Exercise description => Retype the full set of data, character for character.

[Data to use]

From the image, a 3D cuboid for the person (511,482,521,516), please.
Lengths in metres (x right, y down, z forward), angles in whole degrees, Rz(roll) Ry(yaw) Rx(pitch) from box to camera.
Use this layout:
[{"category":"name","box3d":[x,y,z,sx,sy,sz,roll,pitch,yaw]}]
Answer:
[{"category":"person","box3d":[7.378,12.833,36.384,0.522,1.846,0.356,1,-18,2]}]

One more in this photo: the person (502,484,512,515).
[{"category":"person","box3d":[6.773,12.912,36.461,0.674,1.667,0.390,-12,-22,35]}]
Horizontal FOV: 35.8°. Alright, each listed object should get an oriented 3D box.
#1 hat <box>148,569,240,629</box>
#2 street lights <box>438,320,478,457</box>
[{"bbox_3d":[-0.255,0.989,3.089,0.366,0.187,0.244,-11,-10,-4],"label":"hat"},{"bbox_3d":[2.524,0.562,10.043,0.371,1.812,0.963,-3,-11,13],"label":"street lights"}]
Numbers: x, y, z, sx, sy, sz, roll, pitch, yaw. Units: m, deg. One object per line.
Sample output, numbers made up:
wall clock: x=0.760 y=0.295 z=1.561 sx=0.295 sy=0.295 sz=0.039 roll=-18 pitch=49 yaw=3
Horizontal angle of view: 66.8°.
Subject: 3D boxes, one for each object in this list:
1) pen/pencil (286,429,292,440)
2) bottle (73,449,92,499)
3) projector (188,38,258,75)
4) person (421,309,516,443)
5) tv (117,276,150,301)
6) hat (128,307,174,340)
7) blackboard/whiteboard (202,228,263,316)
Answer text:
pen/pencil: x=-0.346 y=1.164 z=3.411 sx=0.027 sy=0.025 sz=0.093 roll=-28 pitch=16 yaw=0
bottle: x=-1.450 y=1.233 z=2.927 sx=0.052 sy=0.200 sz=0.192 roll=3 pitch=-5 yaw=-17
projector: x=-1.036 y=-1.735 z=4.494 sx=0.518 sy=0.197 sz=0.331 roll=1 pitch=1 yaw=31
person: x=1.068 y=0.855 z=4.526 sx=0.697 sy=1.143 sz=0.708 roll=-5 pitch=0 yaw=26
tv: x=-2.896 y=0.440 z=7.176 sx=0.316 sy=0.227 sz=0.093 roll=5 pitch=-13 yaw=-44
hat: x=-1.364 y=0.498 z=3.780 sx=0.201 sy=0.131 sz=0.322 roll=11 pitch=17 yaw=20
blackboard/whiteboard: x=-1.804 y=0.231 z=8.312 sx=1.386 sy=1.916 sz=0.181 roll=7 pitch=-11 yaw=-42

[/Data to use]

Answer to this problem =>
From the image, a 3D cuboid for the person (511,482,521,516), please.
Lengths in metres (x right, y down, z forward), angles in whole degrees, Rz(roll) Ry(yaw) Rx(pitch) from box to camera.
Use this layout:
[{"category":"name","box3d":[x,y,z,sx,sy,sz,roll,pitch,yaw]}]
Answer:
[{"category":"person","box3d":[7.378,12.833,36.384,0.522,1.846,0.356,1,-18,2]}]

One more in this photo: the person (502,484,512,515).
[{"category":"person","box3d":[6.773,12.912,36.461,0.674,1.667,0.390,-12,-22,35]}]
Horizontal FOV: 35.8°. Alright, each listed object should get an oriented 3D box.
#1 hat <box>148,569,240,629</box>
#2 street lights <box>438,320,478,457</box>
[{"bbox_3d":[-0.255,0.989,3.089,0.366,0.187,0.244,-11,-10,-4],"label":"hat"},{"bbox_3d":[2.524,0.562,10.043,0.371,1.812,0.963,-3,-11,13],"label":"street lights"}]
Numbers: x, y, z, sx, sy, sz, roll, pitch, yaw. Units: m, deg. One object per line.
Sample output, numbers made up:
wall clock: x=0.760 y=0.295 z=1.561 sx=0.295 sy=0.295 sz=0.039 roll=-18 pitch=49 yaw=3
Horizontal angle of view: 66.8°.
Subject: 3D boxes, one for each object in this list:
1) pen/pencil (286,429,292,440)
2) bottle (73,449,92,499)
3) projector (188,38,258,75)
4) person (421,309,516,443)
5) tv (117,276,150,301)
6) hat (128,307,174,340)
7) blackboard/whiteboard (202,228,263,316)
Answer text:
pen/pencil: x=-0.346 y=1.164 z=3.411 sx=0.027 sy=0.025 sz=0.093 roll=-28 pitch=16 yaw=0
bottle: x=-1.450 y=1.233 z=2.927 sx=0.052 sy=0.200 sz=0.192 roll=3 pitch=-5 yaw=-17
projector: x=-1.036 y=-1.735 z=4.494 sx=0.518 sy=0.197 sz=0.331 roll=1 pitch=1 yaw=31
person: x=1.068 y=0.855 z=4.526 sx=0.697 sy=1.143 sz=0.708 roll=-5 pitch=0 yaw=26
tv: x=-2.896 y=0.440 z=7.176 sx=0.316 sy=0.227 sz=0.093 roll=5 pitch=-13 yaw=-44
hat: x=-1.364 y=0.498 z=3.780 sx=0.201 sy=0.131 sz=0.322 roll=11 pitch=17 yaw=20
blackboard/whiteboard: x=-1.804 y=0.231 z=8.312 sx=1.386 sy=1.916 sz=0.181 roll=7 pitch=-11 yaw=-42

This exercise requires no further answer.